Bintang PSG mencuri pertunjukan di Singapura saat Brasil terakhir bertemu dengan Samurai Blue, menjadi bintang termasyhur Selecao yang keempat kalinya dalam satu pertandingan tunggal.

Chevrolet Brasil Global Tour dilanjutkan minggu ini di Lille untuk menyatukan kembali hubungan bersejarah antara Brasil Jepang.

Kedua belah pihak bertemu di Lille pada hari Jumat, dan menjelang pertandingan telah berbalik ke terakhir kalinya mereka bentrok – saat Neymar memecat Selecao untuk meraih kemenangan Taruhan Bola dan dirinya sendiri ke dalam buku sejarah.

Tidak ada yang mencetak lebih banyak gol di game Brazil-Jepang dari pada bintang PSG, yang membantu dirinya meraih ganda dalam rasa pertama pertemuannya di tahun 2012.

Dia kemudian menemukan jaring lagi saat mereka bertemu di Piala Konfederasi 2013, memberi inspirasi Brasil untuk mengalahkan pemenang 3-0.

Serangan itu membuat dia menyalip Zinho, Flavio Conceiçao dan Ronaldo, yang semuanya telah menemukan jaring dua kali melawan Jepang.
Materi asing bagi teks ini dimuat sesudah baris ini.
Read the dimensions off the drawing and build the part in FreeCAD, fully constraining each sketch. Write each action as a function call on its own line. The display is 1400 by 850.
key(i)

Ney kemudian mengatur jarak antara dia dan sisanya – dan dengan cara yang tegas!

Brasil terakhir bertemu Jepang di Tur Global Brasil pada 2014, pada malam ketika Neymar menghancurkan empat gol dalam kemenangan 4-0 di Singapura.
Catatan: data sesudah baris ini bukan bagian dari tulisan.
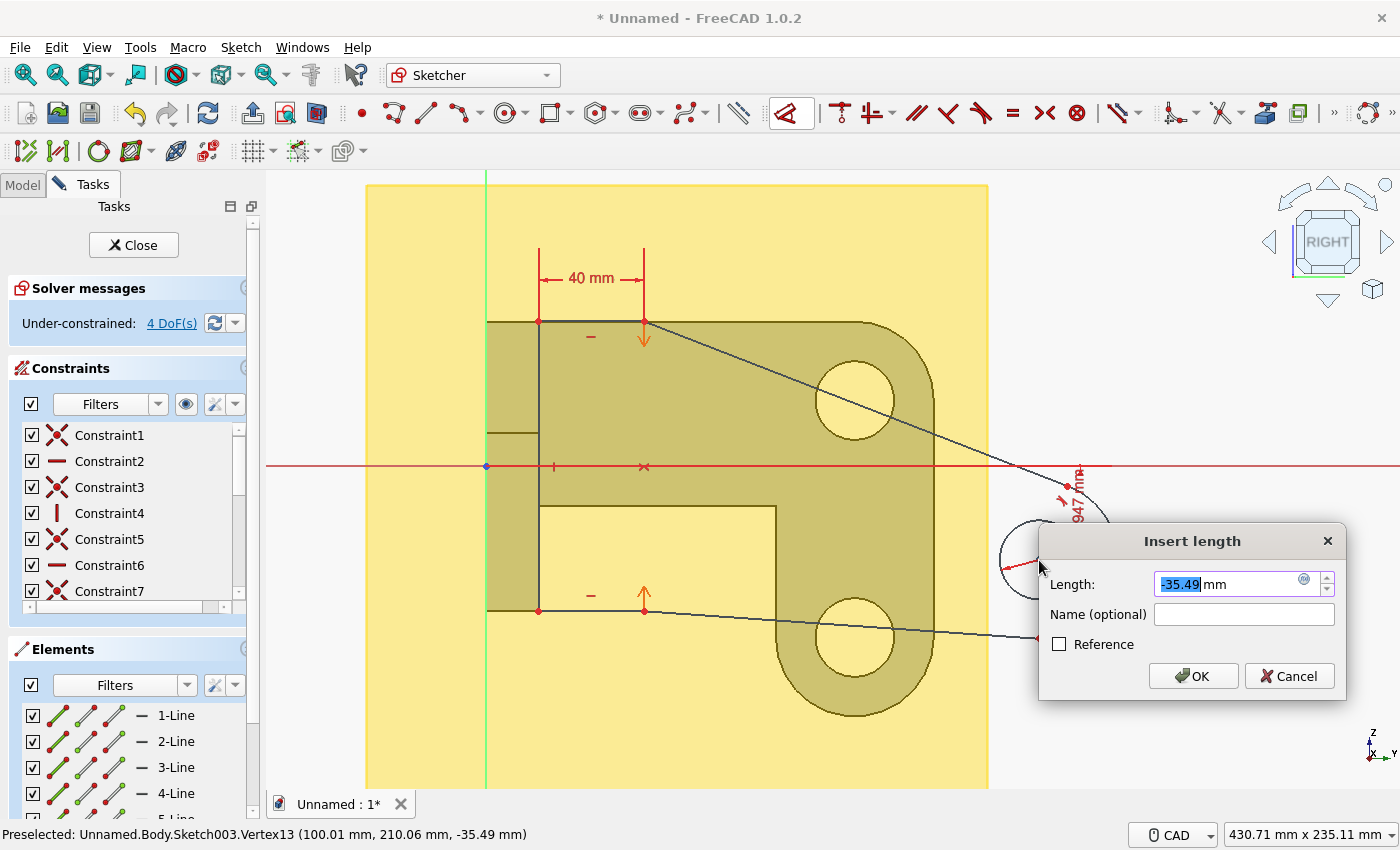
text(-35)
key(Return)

“Saya sangat bahagia, rasanya sangat besar untuk mewujudkan mimpiku,” katanya malam itu. “Tapi bahkan dalam mimpi terliar saya, saya tidak akan membayangkan mencetak Taruhan Bola Online empat gol dalam satu pertandingan – tapi itu terjadi.”
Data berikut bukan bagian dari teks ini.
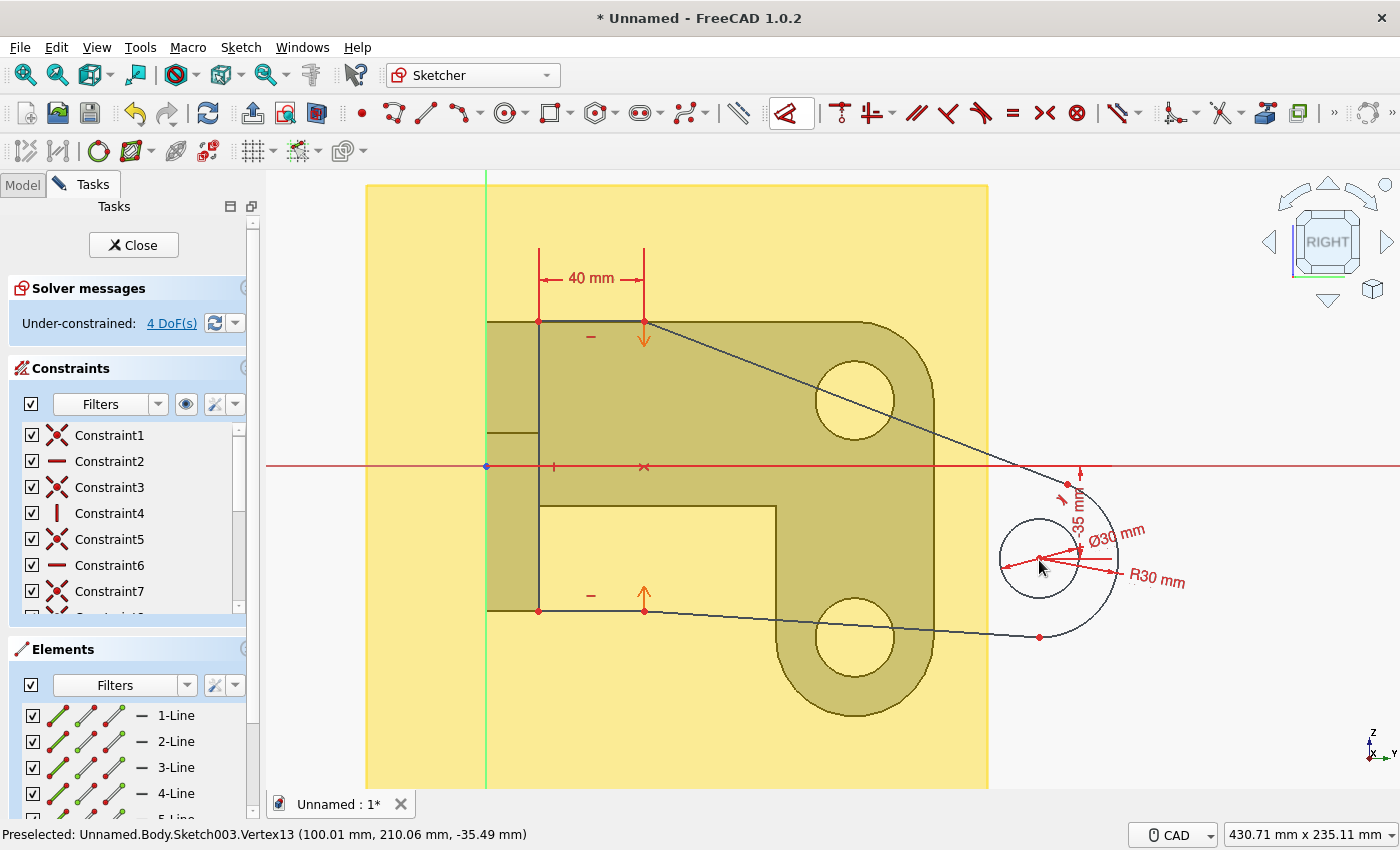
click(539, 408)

Itu Dan itu melihat dia bergabung dengan orang-orang seperti Ademir de Menezes, Evaristo de Macedo, Zizinho, Julinho Botelho, Careca, Romario dan Zico dalam daftar pahlawan Brasil empat gol yang terkenal.

Bahkan Pele tidak pernah berhasil lebih dari sekadar hat-trick untuk Selecao. Dan Neymar, yang baru berusia 22 tahun saat itu, adalah pemain Brasil termuda yang pernah mengelola tengara tersebut.

Dari tujuh orang lain yang telah terjaring empat kali dalam satu pertandingan untuk Brasil, Ademir de Menezes adalah satu-satunya pemain yang melakukannya dalam pertandingan final Piala Dunia. Pada tahun 1950, ia memimpin Brasil untuk meronta-ronta 7-1 atas Swedia dengan tangkapannya.